Learning that is important to living comes primarily from what is experienced. For example, love and concern from a teacher, fear of a bully and infatuation for a classmate all create indelible lessons remembered for a lifetime. On the other hand, the only lesson most kids take away after learning the Pythagorean Theorem and the date of the battle of Gettysburg is that learning isn’t fun and is a waste of time.

The sooner a person can get out of school, the better the chances for useful learning. Personal initiative, individual study, successes, mistakes, fear and pride out in the real world are the best teachers. These two volumes encapsulate the issues we face in real life and have taken me ______chapters and almost a thousand pages to cover in abbreviated form. The fact that essentially none of this material is covered in formal schooling is a testament to the failure of modern education.

Without sufficient life experience (which creates little hooks in the mind to which details can attach), or a specific need to apply information, learning just by rote goes into short-term memory (long enough to pass a test) and is then essentially lost. As mental calisthenics coursework is fine. As training for life it is woefully inadequate. Children are taught how to read (barely) but they are left unable to distinguish what is worth reading. It teaches about things, not reasons.
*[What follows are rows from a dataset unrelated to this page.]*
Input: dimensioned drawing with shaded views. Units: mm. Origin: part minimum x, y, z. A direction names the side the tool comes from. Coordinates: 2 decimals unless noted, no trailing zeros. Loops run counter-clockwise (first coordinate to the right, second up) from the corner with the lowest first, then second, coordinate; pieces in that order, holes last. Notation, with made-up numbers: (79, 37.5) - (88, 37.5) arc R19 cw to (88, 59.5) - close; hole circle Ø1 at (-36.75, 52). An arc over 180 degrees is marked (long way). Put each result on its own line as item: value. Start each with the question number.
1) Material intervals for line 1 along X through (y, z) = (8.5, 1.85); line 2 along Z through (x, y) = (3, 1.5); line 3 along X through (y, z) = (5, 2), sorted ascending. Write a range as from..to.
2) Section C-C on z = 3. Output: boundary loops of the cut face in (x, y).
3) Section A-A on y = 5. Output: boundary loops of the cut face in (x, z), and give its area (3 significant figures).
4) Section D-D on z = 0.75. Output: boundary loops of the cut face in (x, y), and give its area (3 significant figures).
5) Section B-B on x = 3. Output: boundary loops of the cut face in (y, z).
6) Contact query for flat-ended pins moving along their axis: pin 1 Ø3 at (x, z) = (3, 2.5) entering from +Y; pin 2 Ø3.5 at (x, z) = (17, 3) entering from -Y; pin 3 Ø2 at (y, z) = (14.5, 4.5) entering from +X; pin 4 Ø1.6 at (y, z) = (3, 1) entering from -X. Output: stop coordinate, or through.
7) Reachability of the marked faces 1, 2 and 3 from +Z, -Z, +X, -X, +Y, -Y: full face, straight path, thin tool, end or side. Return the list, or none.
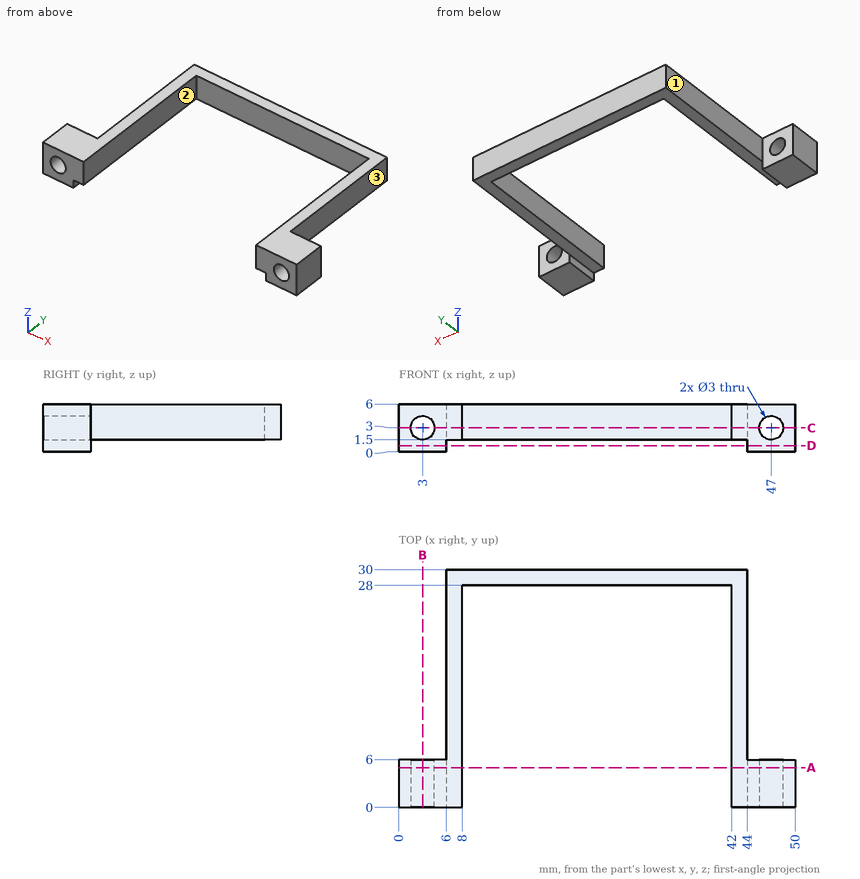
Answer block:
1. line 1: x = 6..8, 42..44
1. line 2: z = 0..1.5, 4.5..6
1. line 3: x = 0..1.88, 4.12..8, 42..45.88, 48.12..50
2. outline: (0, 0) - (1.5, 0) - (1.5, 6) - (0, 6) - close; (4.5, 0) - (8, 0) - (8, 28) - (42, 28) - (42, 0) - (45.5, 0) - (45.5, 6) - (44, 6) - (44, 30) - (6, 30) - (6, 6) - (4.5, 6) - close; (48.5, 0) - (50, 0) - (50, 6) - (48.5, 6) - close
3. outline: (0, 0) - (6, 0) - (6, 1.5) - (8, 1.5) - (8, 6) - (0, 6) - close; (42, 1.5) - (44, 1.5) - (44, 0) - (50, 0) - (50, 6) - (42, 6) - close; hole circle Ø3 at (3, 3); hole circle Ø3 at (47, 3)
3. area: 75.9 mm²
4. outline: (0, 0) - (6, 0) - (6, 6) - (0, 6) - close; (44, 0) - (50, 0) - (50, 6) - (44, 6) - close
4. area: 72.0 mm²
5. outline: (0, 0) - (6, 0) - (6, 1.5) - (0, 1.5) - close; (0, 4.5) - (6, 4.5) - (6, 6) - (0, 6) - close
6. pin 1: stops at y = 6
6. pin 2: stops at y = 28
6. pin 3: stops at x = 44
6. pin 4: stops at x = 0
7. face 1: +Z, -Z, -X, +Y
7. face 2: +Z, -Z, -Y
7. face 3: +Z, -Z, +X, +Y
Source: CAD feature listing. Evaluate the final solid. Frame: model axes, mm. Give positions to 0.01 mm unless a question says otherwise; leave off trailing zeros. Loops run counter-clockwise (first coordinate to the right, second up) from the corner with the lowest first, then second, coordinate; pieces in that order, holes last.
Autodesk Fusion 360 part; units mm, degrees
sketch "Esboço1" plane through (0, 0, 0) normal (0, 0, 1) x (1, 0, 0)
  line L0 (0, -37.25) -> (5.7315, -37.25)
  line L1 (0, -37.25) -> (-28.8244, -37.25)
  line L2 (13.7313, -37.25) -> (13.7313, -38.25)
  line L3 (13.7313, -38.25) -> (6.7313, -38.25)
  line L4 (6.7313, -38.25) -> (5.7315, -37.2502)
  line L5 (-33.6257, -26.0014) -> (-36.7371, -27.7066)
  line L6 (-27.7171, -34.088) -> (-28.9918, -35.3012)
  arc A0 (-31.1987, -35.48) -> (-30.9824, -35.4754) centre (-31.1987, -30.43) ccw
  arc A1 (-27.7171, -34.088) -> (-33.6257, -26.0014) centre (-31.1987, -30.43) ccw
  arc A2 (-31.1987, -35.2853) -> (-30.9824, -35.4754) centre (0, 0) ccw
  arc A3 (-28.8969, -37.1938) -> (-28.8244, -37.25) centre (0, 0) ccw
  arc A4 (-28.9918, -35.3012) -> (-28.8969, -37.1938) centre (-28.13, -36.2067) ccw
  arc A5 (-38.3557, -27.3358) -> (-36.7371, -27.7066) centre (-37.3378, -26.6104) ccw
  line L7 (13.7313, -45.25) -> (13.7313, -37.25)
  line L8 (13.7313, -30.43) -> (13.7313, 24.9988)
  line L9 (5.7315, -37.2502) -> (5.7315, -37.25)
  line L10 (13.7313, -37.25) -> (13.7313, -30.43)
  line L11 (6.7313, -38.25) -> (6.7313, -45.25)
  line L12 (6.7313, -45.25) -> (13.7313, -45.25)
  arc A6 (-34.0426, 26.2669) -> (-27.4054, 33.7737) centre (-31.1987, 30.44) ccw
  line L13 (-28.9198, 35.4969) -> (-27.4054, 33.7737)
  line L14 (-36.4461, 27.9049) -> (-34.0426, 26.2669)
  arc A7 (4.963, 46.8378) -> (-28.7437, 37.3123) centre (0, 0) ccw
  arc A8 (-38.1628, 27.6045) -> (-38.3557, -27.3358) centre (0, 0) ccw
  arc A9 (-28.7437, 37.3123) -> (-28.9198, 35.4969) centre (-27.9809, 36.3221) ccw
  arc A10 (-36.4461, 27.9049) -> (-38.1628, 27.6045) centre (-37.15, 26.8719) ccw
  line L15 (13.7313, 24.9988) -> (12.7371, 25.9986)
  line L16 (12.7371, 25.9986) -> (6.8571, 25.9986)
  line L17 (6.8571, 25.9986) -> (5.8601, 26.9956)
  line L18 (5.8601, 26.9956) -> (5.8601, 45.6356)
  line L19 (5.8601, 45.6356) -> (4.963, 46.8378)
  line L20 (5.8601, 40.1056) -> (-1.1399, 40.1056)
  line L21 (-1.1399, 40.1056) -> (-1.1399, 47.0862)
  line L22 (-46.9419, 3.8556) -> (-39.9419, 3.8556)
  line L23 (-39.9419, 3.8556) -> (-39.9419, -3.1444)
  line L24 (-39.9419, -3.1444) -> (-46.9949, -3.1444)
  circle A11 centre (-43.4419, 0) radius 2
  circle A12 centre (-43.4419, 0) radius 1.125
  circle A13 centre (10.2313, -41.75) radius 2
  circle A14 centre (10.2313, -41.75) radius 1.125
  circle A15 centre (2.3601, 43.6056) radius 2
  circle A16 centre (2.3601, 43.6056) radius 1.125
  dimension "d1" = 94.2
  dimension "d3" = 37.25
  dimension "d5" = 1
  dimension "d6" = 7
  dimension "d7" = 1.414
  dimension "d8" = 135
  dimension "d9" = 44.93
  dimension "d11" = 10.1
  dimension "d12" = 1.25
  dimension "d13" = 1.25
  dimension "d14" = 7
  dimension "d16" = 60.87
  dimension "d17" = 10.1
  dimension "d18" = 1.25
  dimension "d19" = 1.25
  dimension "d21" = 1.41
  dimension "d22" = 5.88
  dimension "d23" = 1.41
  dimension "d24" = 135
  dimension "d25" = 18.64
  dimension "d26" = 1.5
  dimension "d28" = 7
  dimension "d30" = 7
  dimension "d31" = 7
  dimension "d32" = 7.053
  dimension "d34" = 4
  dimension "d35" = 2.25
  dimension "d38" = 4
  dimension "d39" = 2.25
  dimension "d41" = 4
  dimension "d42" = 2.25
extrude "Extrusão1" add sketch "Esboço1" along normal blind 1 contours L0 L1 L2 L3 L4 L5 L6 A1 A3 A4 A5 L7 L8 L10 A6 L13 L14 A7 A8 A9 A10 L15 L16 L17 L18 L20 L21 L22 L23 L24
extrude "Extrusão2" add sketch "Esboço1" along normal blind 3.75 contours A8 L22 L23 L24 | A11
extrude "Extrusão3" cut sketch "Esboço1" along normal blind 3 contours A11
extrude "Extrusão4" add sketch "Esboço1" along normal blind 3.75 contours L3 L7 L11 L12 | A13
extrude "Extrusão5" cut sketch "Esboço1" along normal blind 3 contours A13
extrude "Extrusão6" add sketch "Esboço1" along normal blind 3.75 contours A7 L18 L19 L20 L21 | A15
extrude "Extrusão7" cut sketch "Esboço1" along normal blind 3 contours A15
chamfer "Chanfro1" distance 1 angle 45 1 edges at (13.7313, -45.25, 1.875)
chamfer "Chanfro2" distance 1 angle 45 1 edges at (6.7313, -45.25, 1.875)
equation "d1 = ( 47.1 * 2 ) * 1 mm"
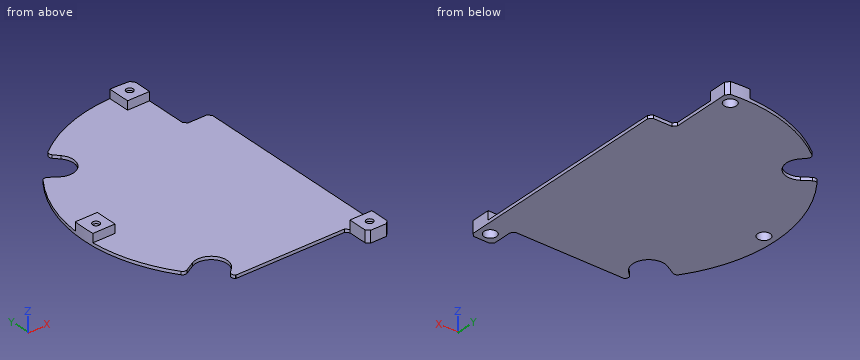
(1) Ray query, line 1 along Z through (x, y) = (-39, 19); line 2 along Y through (x, z) = (0, 1.7); line 3 along Y through (x, z) = (8, 2.05). Return the intervals inside material, ascending.
A:
line 1: z = 0 to 1
line 2: y = 40.11 to 47.1
line 3: y = -45.25 to -38.25
(2) Section C-C, the plane y = -41.75. Return the cut outline in (x, z).
A:
outline: (6.73, 0) - (8.23, 0) - (8.23, 3) - (9.11, 3) - (9.11, 3.75) - (6.73, 3.75) - close; (11.36, 3) - (12.23, 3) - (12.23, 0) - (13.73, 0) - (13.73, 3.75) - (11.36, 3.75) - close
(3) First-contact query: pin 1 (2 mm diameter, centred on y = 36.5, z = 3, fed in from +X); pin 2 (1.4 mm diameter, centred on x = 2, z = 2, fed in from -Y); pin 3 (0.5 mm diameter, centred on x = 9.5, z = 0.5, fed in from +Y); pin 4 (2.5 mm diameter, centred on x = 2.36, y = 43.61, fed in from -Z). Flat tips, straight axial feed; report the tip coordinate or a pass-through.
A:
pin 1: passes through
pin 2: stops at y = 40.11
pin 3: stops at y = 26
pin 4: stops at z = 3
(4) Section D-D, the plane x = -16.5. Return the cut outline in (y, z).
A:
outline: (-37.25, 0) - (44.12, 0) - (44.12, 1) - (-37.25, 1) - close
(5) Section A-A, the plane y = 0. Return the cut outline in (x, z).
A:
outline: (-47.1, 0) - (-45.44, 0) - (-45.44, 3) - (-44.57, 3) - (-44.57, 3.75) - (-47.1, 3.75) - close; (-42.32, 3) - (-41.44, 3) - (-41.44, 0) - (13.73, 0) - (13.73, 1) - (-39.94, 1) - (-39.94, 3.75) - (-42.32, 3.75) - close
(6) Section B-B, the plane z = 2. Return the cut outline in (x, y), then the cut area to 3 significant figures.
A:
outline: (-46.99, -3.14) - (-39.94, -3.14) - (-39.94, 3.86) - (-46.94, 3.86) arc R47.1 ccw to start; (-1.14, 40.11) - (5.86, 40.11) - (5.86, 45.64) - (4.96, 46.84) arc R47.1 ccw to (-1.14, 47.09) - close; (6.73, -44.25) - (7.73, -45.25) - (12.73, -45.25) - (13.73, -44.25) - (13.73, -38.25) - (6.73, -38.25) - close; hole circle Ø4 at (-43.44, 0); hole circle Ø4 at (2.36, 43.61); hole circle Ø4 at (10.23, -41.75)
area: 108 mm2
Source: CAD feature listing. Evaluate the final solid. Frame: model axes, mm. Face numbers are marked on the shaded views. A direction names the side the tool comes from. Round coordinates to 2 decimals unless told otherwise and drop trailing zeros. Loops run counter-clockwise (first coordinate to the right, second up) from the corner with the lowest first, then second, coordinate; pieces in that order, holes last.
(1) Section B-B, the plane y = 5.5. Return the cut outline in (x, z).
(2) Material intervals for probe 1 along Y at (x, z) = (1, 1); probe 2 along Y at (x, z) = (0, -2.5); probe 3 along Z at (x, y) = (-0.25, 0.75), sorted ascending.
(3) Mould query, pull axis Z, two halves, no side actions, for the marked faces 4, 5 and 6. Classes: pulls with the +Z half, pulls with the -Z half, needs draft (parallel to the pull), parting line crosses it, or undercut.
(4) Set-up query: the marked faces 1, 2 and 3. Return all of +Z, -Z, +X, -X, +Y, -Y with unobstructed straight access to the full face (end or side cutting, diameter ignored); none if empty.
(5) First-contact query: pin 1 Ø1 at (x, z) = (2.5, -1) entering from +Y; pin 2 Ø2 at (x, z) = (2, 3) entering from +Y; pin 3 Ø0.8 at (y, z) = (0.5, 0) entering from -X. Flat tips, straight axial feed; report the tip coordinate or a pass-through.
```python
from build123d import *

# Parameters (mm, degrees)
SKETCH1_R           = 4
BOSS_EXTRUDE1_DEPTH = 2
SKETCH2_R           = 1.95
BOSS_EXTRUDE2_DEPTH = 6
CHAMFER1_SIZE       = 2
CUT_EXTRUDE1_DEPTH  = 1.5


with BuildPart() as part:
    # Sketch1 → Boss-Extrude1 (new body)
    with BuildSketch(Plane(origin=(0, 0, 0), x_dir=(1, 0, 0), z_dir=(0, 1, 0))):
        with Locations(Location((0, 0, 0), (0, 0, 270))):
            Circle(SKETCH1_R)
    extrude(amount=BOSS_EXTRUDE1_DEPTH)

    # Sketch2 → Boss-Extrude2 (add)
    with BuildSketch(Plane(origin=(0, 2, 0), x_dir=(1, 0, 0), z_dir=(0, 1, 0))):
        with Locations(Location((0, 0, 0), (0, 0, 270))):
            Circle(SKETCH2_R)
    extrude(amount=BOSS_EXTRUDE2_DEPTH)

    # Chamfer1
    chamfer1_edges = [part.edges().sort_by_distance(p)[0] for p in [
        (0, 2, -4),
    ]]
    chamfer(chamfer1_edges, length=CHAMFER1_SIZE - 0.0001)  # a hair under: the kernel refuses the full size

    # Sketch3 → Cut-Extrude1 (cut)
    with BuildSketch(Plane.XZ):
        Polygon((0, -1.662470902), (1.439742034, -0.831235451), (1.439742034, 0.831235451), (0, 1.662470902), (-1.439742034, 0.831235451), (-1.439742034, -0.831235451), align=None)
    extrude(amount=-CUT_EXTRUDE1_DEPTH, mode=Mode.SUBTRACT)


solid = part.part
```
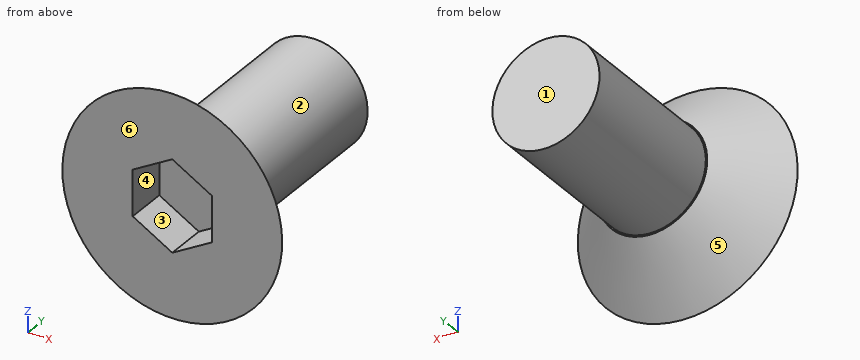
Output values:
1. outline: circle Ø3.9 at (0, 0)
2. probe 1: y = 1.5 to 8
2. probe 2: y = 0 to 1.5
2. probe 3: z = -3.24 to -1.52, 1.52 to 3.24
3. face 4: undercut
3. face 5: parting line crosses it
3. face 6: needs draft
4. face 1: +Z, -Z, +X, -X, +Y
4. face 2: +Y
4. face 3: -Y
5. pin 1: stops at y = 1.81
5. pin 2: stops at y = 1.39
5. pin 3: stops at x = -3.9

It gives the false idea that life is scripted such that if specific do’s and don’ts are followed–papers are written and tests aced–that success will surely follow.

If in doubt about the utility of modern education ask employers whether new graduates (other than from trade schools) bring to the workplace anything other than tools they don’t know how to use. If an employer can find an employee who is motivated, eager to learn and a self-starter (all rarities), that is about the most that can be hoped for. From there the employer is faced with all the costs of trainingand pay to the employee while doing it. In the meantime schools take a big chunk out of tax dollars and teachers get good salaries and great benefits. But the students they turn out are in no way ready to hit the ground running once they find a job. Nevertheless, educators – with their absurd lecture, note-take, regurgitate pedantic – mislead students into believing that they are receiving real training that can immediately command high wages and benefits. This not only does a disservice to the student but forces employers to repair the damage and bring new graduates back down to earth.

Understandably students spending years burdened by mountains of memorization are exhausted by academic demands and feel entitled to a reward, even though they intuitively know that the majority of what they have memorized is worthless. The result is a workplace filled with overpaid, under-skilled employees. Many see their stint with education as a price paid, a reason for entitlement and a burdensome part of their personal history, not an active and engaging part of their future.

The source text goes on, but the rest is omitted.